Home Office figures showed that violent crimes against people were up by 16% from 1998 to 1999.

But Chief Constable of Gloucestershire Tony Butler said the type of crimes being classed as violent has changed.

People are simply pushed over in an argument and that's a violent crime

Tony Butler
"The difficulty we have got today is the way the Home Office collects the data isn't very helpful in the debate," he told Radio 4's Today programme.

"80% of that increase is common assault or harassment," Mr Butler said

"We are now recording cases where people are simply pushed over in an argument and that's a violent crime.

"You don't even have to have an injury for it to be recorded," he said.

Domestic violence

Mr Butler said he was not saying that type of offence was acceptable but called for a sensible debate about the figures.

He also said another reason why violent crime was on the increase was because police were encouraging people to report violent attacks.

"Domestic violence now accounts for 18% of all violent crime that we are recording nationally," he said.

Violent attacks by young men drinking late at night in city centres are up by 12%.
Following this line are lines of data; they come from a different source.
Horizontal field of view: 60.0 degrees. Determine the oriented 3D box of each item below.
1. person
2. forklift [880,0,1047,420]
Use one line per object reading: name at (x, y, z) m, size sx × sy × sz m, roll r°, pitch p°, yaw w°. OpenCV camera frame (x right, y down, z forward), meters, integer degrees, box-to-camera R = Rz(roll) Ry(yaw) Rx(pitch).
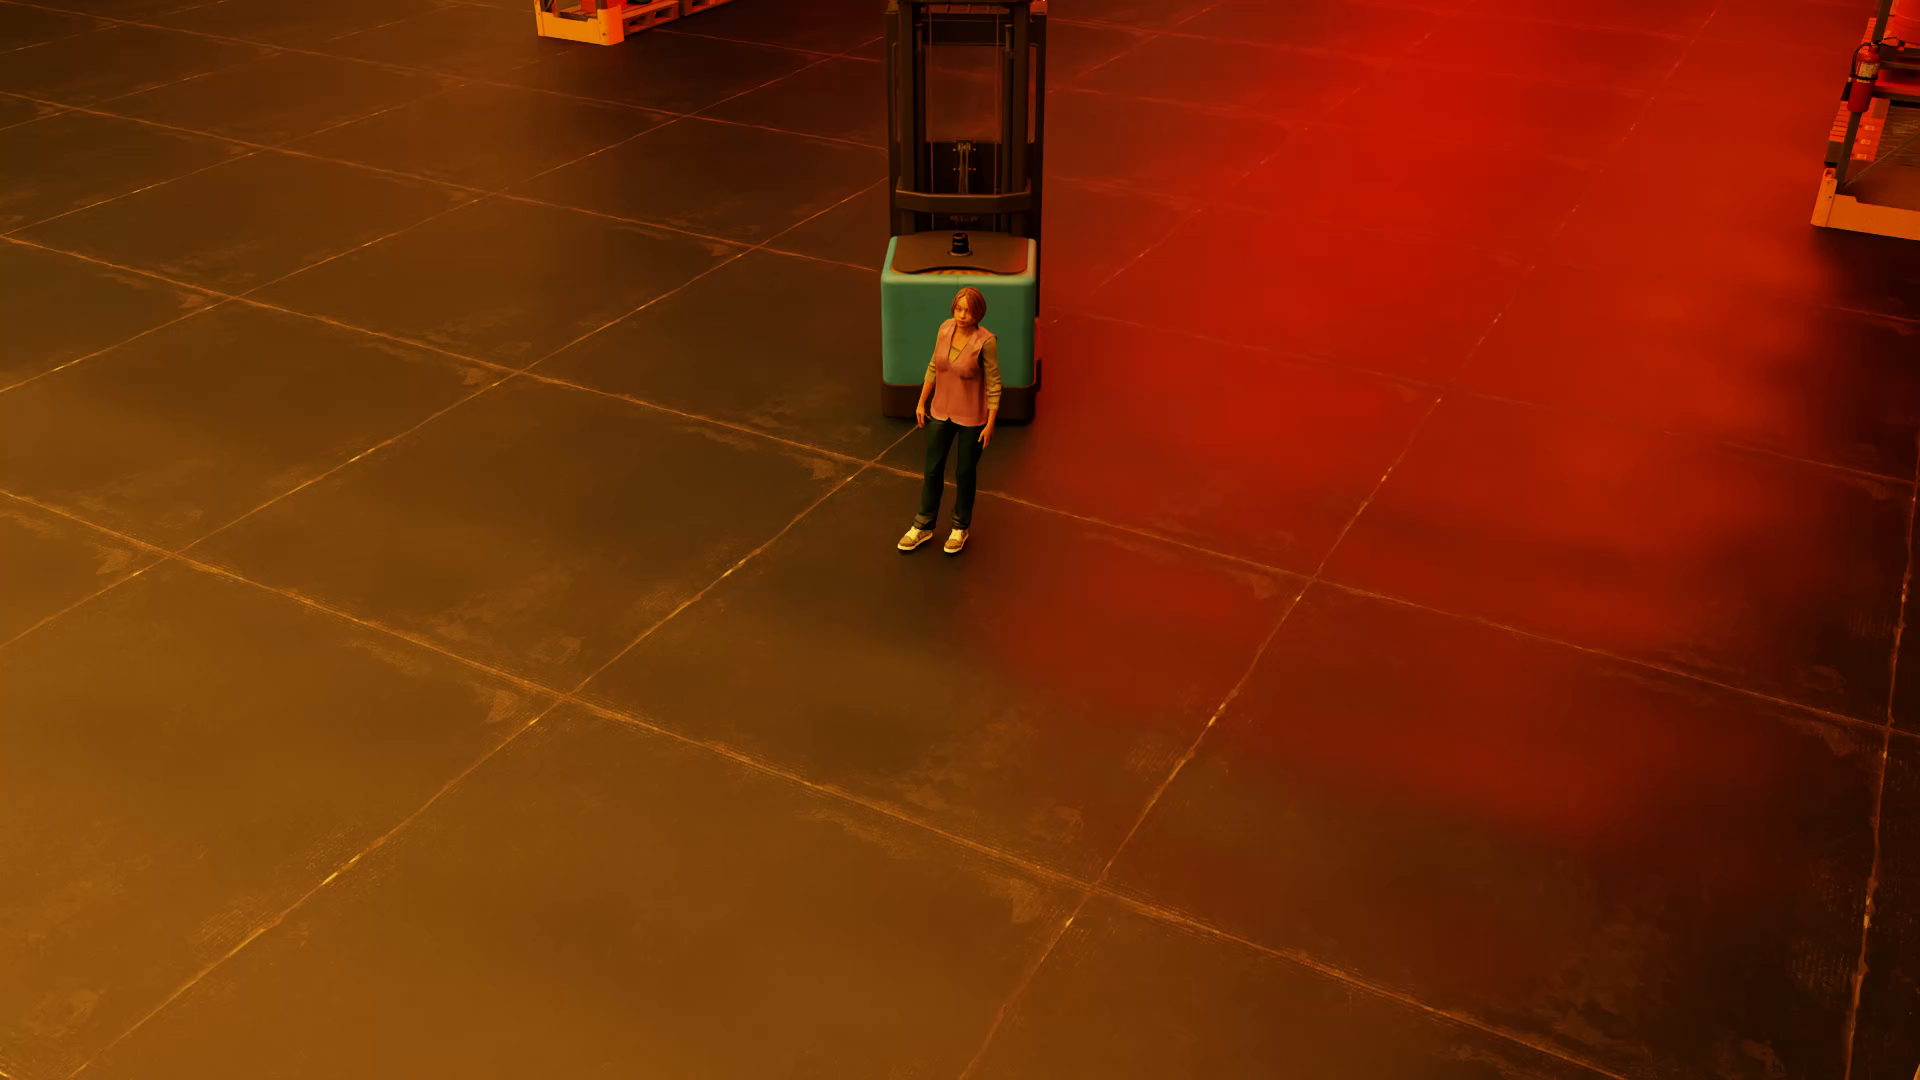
person at (-0.048, -0.669, 9.550) m, size 0.520 × 1.596 × 0.475 m, roll 15°, pitch 33°, yaw 25°
forklift at (0.053, -2.788, 11.902) m, size 1.130 × 2.935 × 3.031 m, roll 1°, pitch 30°, yaw 2°

Mr Butler said that was an area where more police would be of value.

car break in
Car crime and burglaries are both down
Chief Constable Tony Burden, of the Association of Chief Police Officers, agreed.
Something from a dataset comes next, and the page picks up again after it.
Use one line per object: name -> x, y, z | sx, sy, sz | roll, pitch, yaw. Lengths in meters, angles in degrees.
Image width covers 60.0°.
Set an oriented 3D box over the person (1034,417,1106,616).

"We have got to tackle this problem and tackle it effectively," he said.

Mr Butler pointed out that while violent crime is on the increase, the instances of other offences in the UK were very low.

"The chance of being robbed in the UK is very, very low - less than two in a thousand people."

"It is true that it has gone up by 26% - but that's a relatively small number of crimes."

He also said burglary and car crime were down again, as part of a six-year trend.

Mr Butler said he thought it was more important to let members of the public know whether they were at greater risk of being the victims of crime.

"What we should be debating is how do we inform the public about the relevant risks," he said.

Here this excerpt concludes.